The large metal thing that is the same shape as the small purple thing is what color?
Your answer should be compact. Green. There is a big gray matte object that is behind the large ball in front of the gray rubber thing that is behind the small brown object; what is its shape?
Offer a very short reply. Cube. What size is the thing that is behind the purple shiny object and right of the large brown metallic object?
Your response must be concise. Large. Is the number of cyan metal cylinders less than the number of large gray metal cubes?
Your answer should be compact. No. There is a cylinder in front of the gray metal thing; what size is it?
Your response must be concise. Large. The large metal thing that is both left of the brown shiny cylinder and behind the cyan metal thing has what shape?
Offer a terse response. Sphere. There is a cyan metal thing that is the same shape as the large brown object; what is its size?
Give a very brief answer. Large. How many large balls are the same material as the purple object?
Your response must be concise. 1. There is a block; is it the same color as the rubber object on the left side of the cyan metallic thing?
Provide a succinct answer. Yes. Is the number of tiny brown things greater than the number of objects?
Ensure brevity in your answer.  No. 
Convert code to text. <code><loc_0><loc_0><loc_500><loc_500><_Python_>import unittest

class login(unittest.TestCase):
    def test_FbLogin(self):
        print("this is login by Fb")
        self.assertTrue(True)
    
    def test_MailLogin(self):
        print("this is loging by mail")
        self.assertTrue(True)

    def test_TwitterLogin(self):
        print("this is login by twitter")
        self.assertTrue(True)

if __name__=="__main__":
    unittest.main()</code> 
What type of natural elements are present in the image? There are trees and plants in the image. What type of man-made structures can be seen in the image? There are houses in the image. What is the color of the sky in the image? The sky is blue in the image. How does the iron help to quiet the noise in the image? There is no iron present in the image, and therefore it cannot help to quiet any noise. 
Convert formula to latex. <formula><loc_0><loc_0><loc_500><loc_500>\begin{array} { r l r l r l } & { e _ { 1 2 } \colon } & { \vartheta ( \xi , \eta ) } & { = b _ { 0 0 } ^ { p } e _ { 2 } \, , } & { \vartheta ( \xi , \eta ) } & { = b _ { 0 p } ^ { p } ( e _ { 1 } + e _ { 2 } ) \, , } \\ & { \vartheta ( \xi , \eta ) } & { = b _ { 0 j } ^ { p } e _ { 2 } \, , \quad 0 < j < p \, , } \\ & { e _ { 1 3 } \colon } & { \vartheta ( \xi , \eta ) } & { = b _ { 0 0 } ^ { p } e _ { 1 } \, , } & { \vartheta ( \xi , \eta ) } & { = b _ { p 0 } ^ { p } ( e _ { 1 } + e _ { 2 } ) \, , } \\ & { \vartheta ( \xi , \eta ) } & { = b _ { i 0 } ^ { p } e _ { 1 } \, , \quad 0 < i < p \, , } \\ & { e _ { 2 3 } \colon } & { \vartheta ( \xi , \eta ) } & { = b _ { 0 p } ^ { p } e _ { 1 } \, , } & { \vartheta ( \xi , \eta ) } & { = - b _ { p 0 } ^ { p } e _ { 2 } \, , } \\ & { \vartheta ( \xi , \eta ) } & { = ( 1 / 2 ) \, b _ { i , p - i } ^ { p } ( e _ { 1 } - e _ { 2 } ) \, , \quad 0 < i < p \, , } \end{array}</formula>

● ● ●

Assigned task: Copy, exactly and only, the lines above that begin with the one containing "Your response must be concise. Large. Is" and finish with the one containing "Your response must be concise. Large. The".

Answer for this exercise:
Your response must be concise. Large. Is the number of cyan metal cylinders less than the number of large gray metal cubes?
Your answer should be compact. No. There is a cylinder in front of the gray metal thing; what size is it?
Your response must be concise. Large. The large metal thing that is both left of the brown shiny cylinder and behind the cyan metal thing has what shape?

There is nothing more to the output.